A History of Psychology places social, economic, and political forces of change alongside psychology’s internal theoretical and empirical arguments, illuminating how the external world has shaped psychology’s development, and, in turn, how the late twentieth century’s psychology has shaped society. Featuring extended treatment of important movements such as the Enlightenment and the Scientific Revolution, the textbook approaches the material from an integrative rather than wholly linear perspective. The text carefully examines how issues in psychology reflect and affect concepts that lie outside the field of psychology’s technical concerns as a science and profession. This new edition features expanded attention on psychoanalysis after its founding as well as new developments in cognitive science, artificial intelligence, and behavioral economics. Throughout, the book strengthens its exploration of psychological ideas and the cultures in which they developed and reinforces the connections between psychology, modernism, and postmodernism. The textbook covers scientific, applied, and professional psychology, and is appropriate for higher-level undergraduate and graduate students.

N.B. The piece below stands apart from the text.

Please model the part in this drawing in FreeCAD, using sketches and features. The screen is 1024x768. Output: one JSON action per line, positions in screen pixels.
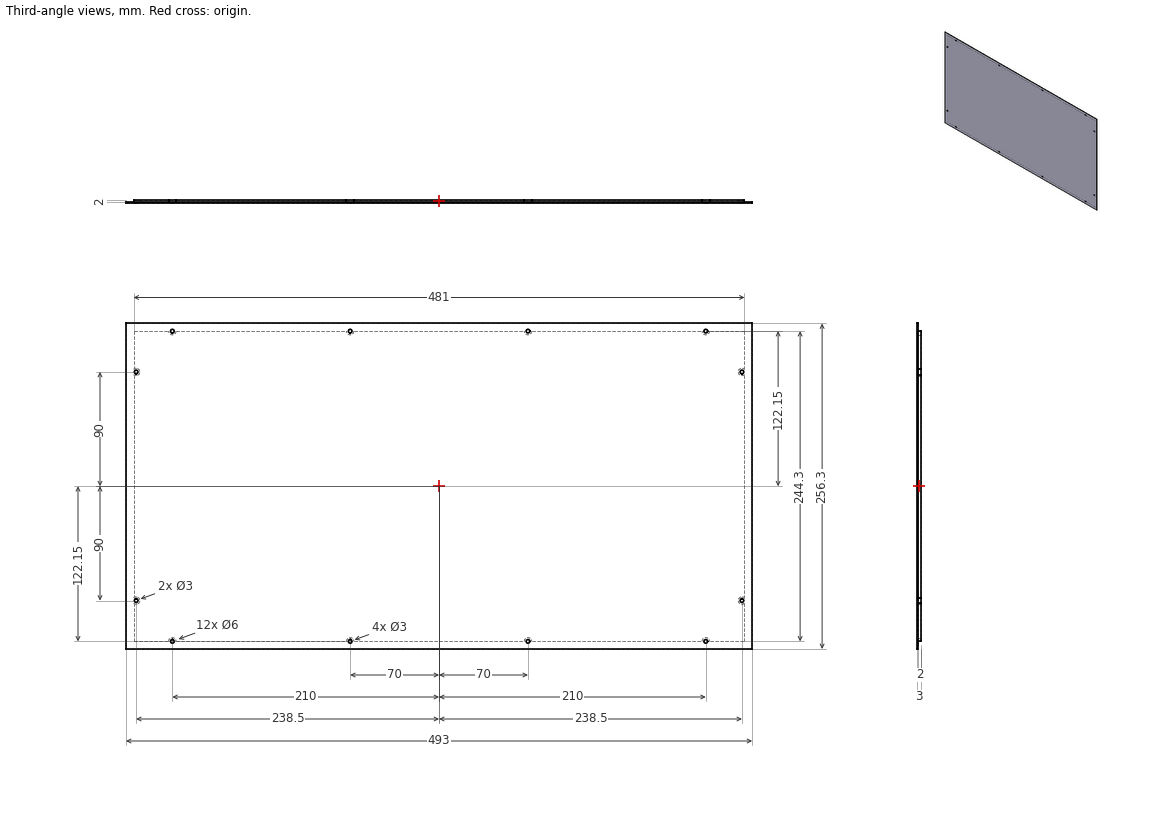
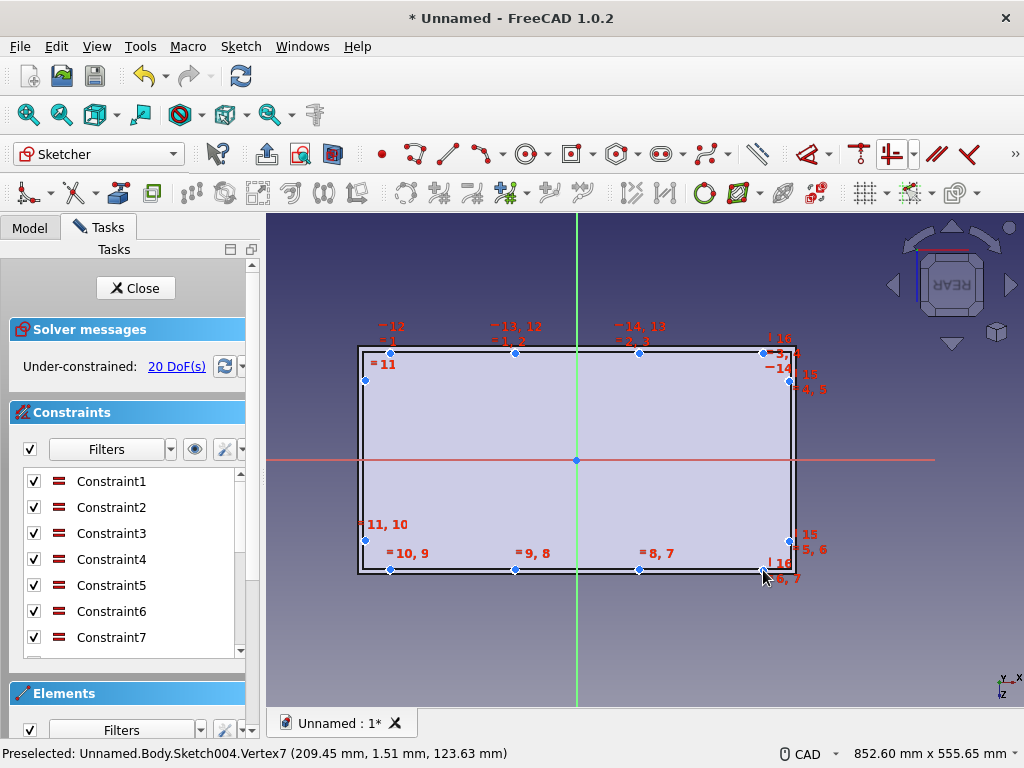
{"action": "left_click", "coordinate": [639, 353]}

Pretty dense material, this book mostly about psychology's philosophical inheritance. Suddenly a lot makes sense (I better not say this out loud in class). Worth the read, though I'm taking away one star because the book is unnecessarily hard to use for studying, which I'm sure is what it's written for. Some visual overviews and summaries wouldn't hurt.
Pretty interesting, but sometimes quite boring. The best part, for me, is when it starts to talk about Freud, dismantling the 'myth' (I admit it, I don't like Freud theories, neither psychoanalysis, in my opinion totally unuseful)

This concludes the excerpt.